> Work instruction:
When you write out the listing, keep every word as it stands and drop the pictures.

> Supplied data:
_ _ _ _
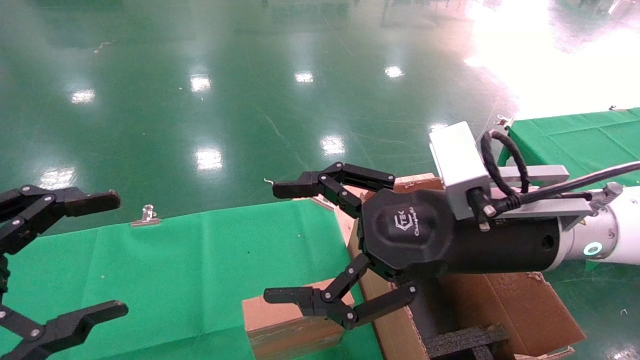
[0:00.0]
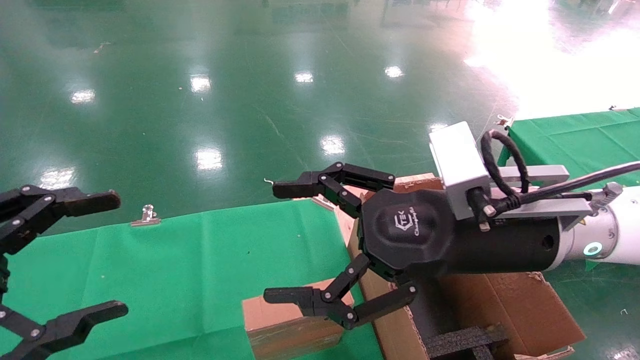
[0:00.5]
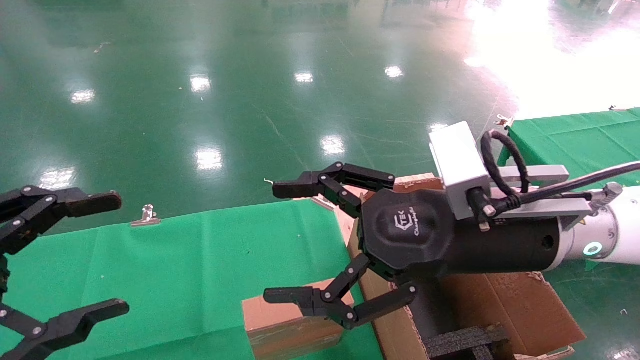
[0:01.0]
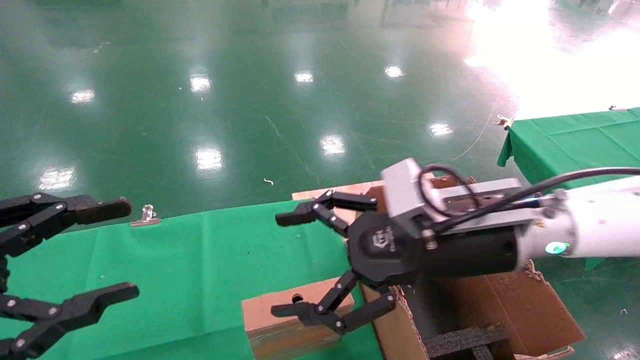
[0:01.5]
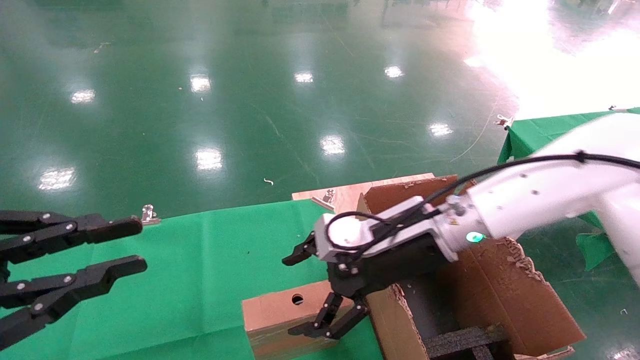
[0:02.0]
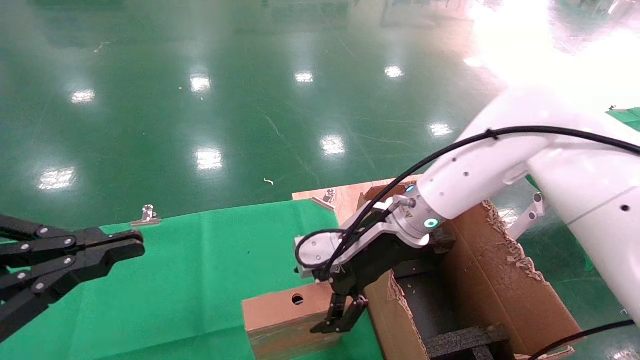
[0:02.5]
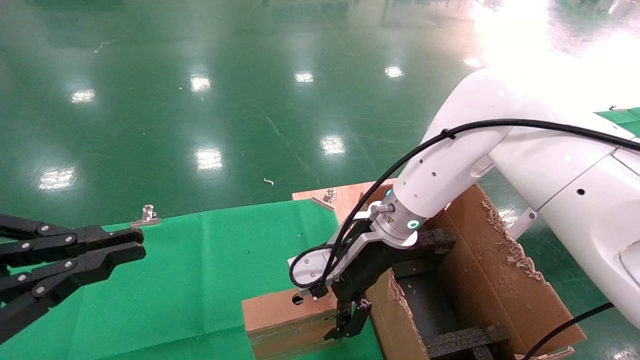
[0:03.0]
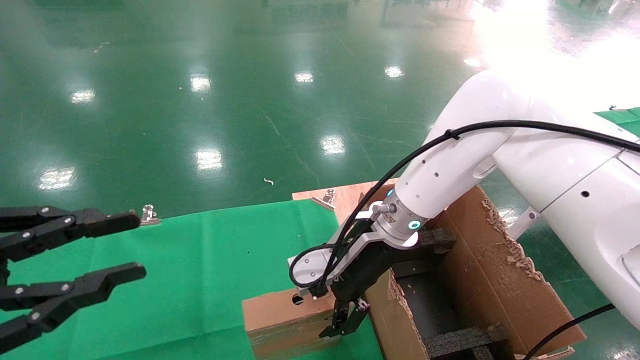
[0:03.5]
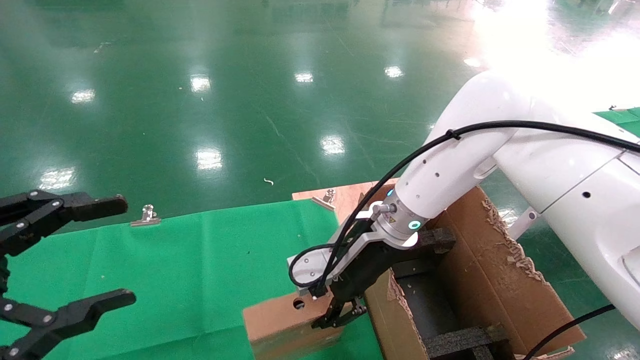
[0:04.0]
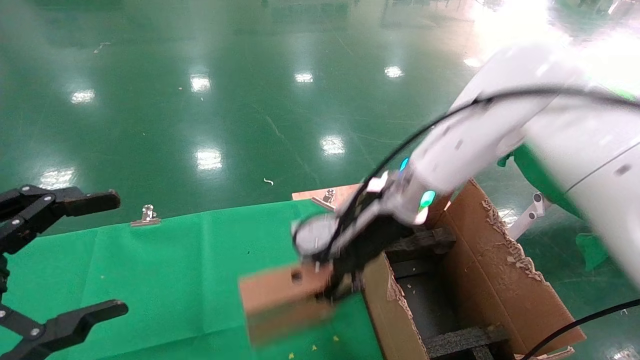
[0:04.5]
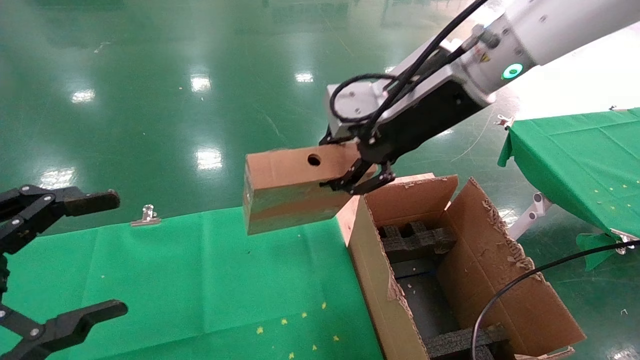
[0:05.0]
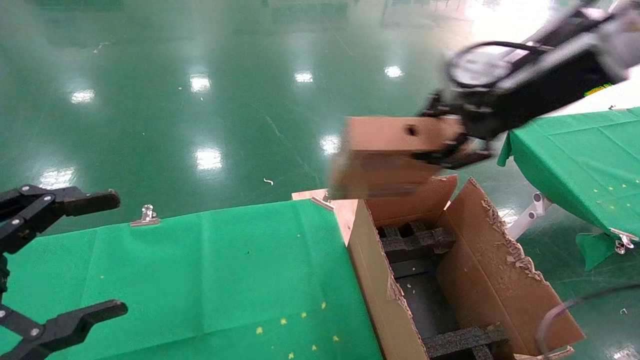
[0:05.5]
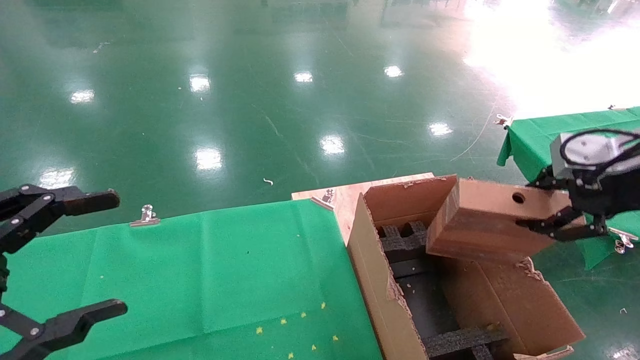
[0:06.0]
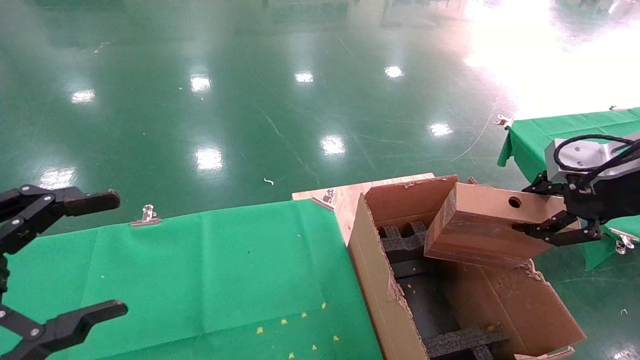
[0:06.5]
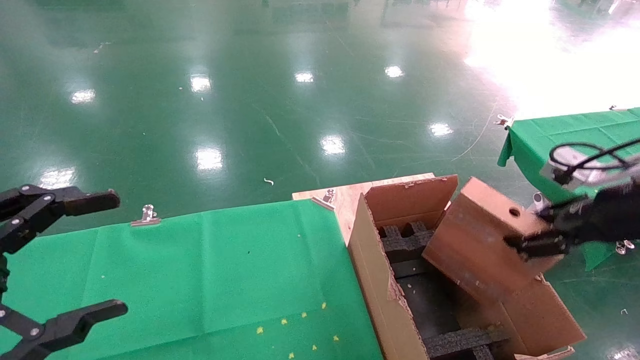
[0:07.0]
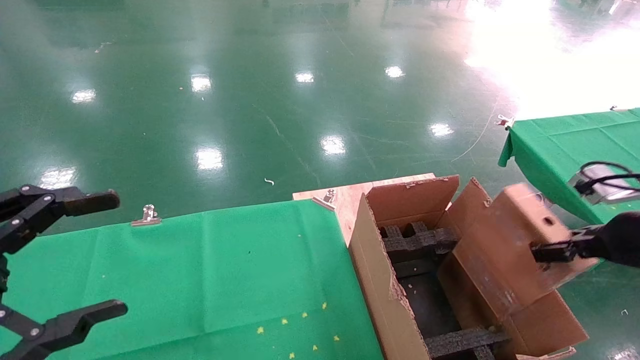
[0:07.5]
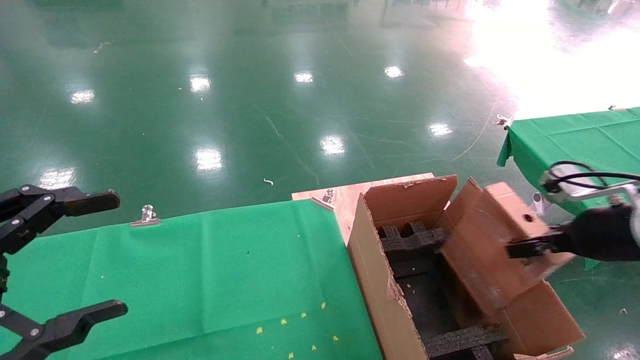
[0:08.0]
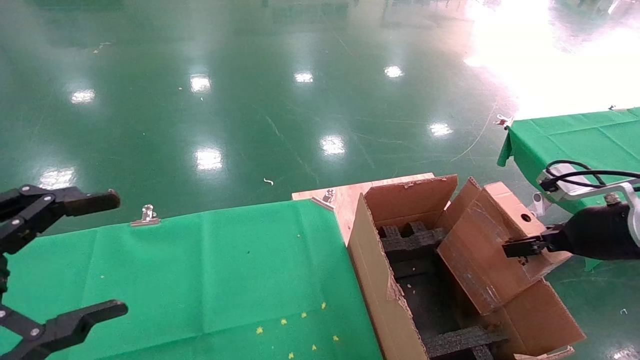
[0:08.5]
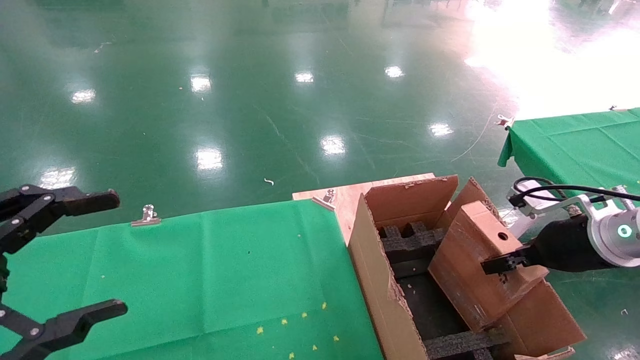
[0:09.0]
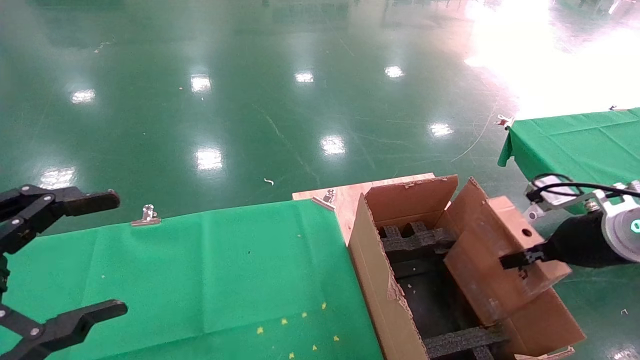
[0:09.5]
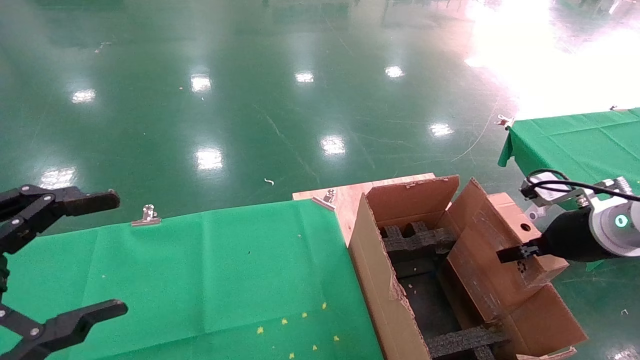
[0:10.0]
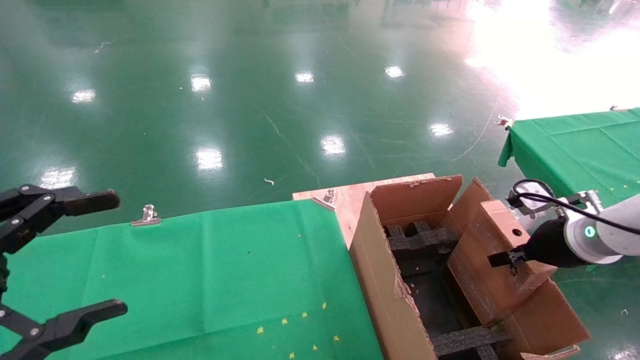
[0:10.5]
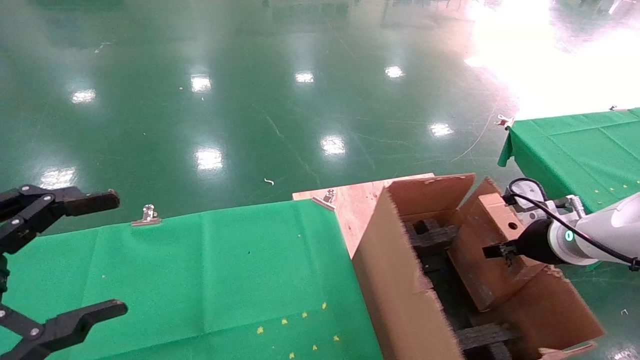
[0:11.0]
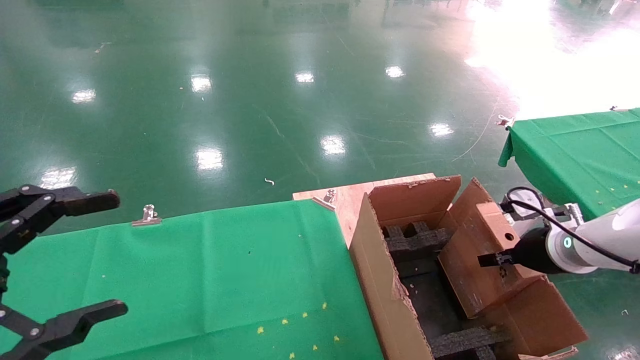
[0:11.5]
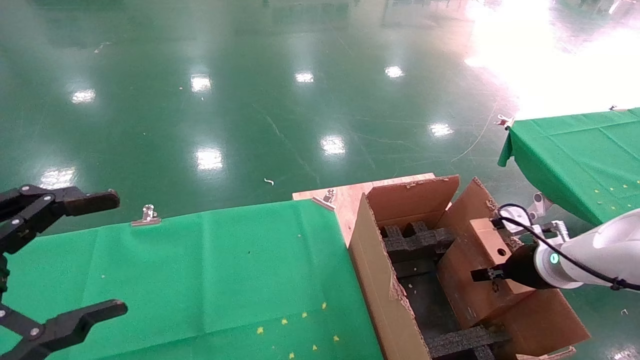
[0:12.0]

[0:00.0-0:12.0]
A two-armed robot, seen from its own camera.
Task of the whole recording: using a robotic arm to pick up a cardboard box and palace it the carton.
Step, 0:01.5 to 0:04.5: Pick up the mouse and the power cord paper box.
0:00.0 to 0:02.0: The left gripper closes, while the right gripper is displaced forward and downward by approximately 10 cm.
0:02.0 to 0:04.0: The right gripper shifts by some 5 cm, and closes its fingers.
0:04.0 to 0:06.0: The right gripper goes approximately 35 cm to the right, upward and backward.
0:06.0 to 0:08.0: The right gripper moves downward, roughly 10 cm.
0:08.0 to 0:10.0: There are only small adjustments of the grippers.
0:10.0 to 0:12.0: The right gripper goes some 10 cm downward.
_ _ _ _
> Reply to the exercise:
[0:00.0]
[0:00.5]
[0:01.0]
[0:01.5]
[0:02.0]
[0:02.5]
[0:03.0]
[0:03.5]
[0:04.0]
[0:04.5]
[0:05.0]
[0:05.5]
[0:06.0]
[0:06.5]
[0:07.0]
[0:07.5]
[0:08.0]
[0:08.5]
[0:09.0]
[0:09.5]
[0:10.0]
[0:10.5]
[0:11.0]
[0:11.5]
[0:12.0]

[0:00.0-0:12.0]
A two-armed robot, seen from its own camera.
Task of the whole recording: using a robotic arm to pick up a cardboard box and palace it the carton.
Step, 0:01.5 to 0:04.5: Pick up the mouse and the power cord paper box.
0:00.0 to 0:02.0: The left gripper closes, while the right gripper is displaced forward and downward by approximately 10 cm.
0:02.0 to 0:04.0: The right gripper shifts by some 5 cm, and closes its fingers.
0:04.0 to 0:06.0: The right gripper goes approximately 35 cm to the right, upward and backward.
0:06.0 to 0:08.0: The right gripper moves downward, roughly 10 cm.
0:08.0 to 0:10.0: There are only small adjustments of the grippers.
0:10.0 to 0:12.0: The right gripper goes some 10 cm downward.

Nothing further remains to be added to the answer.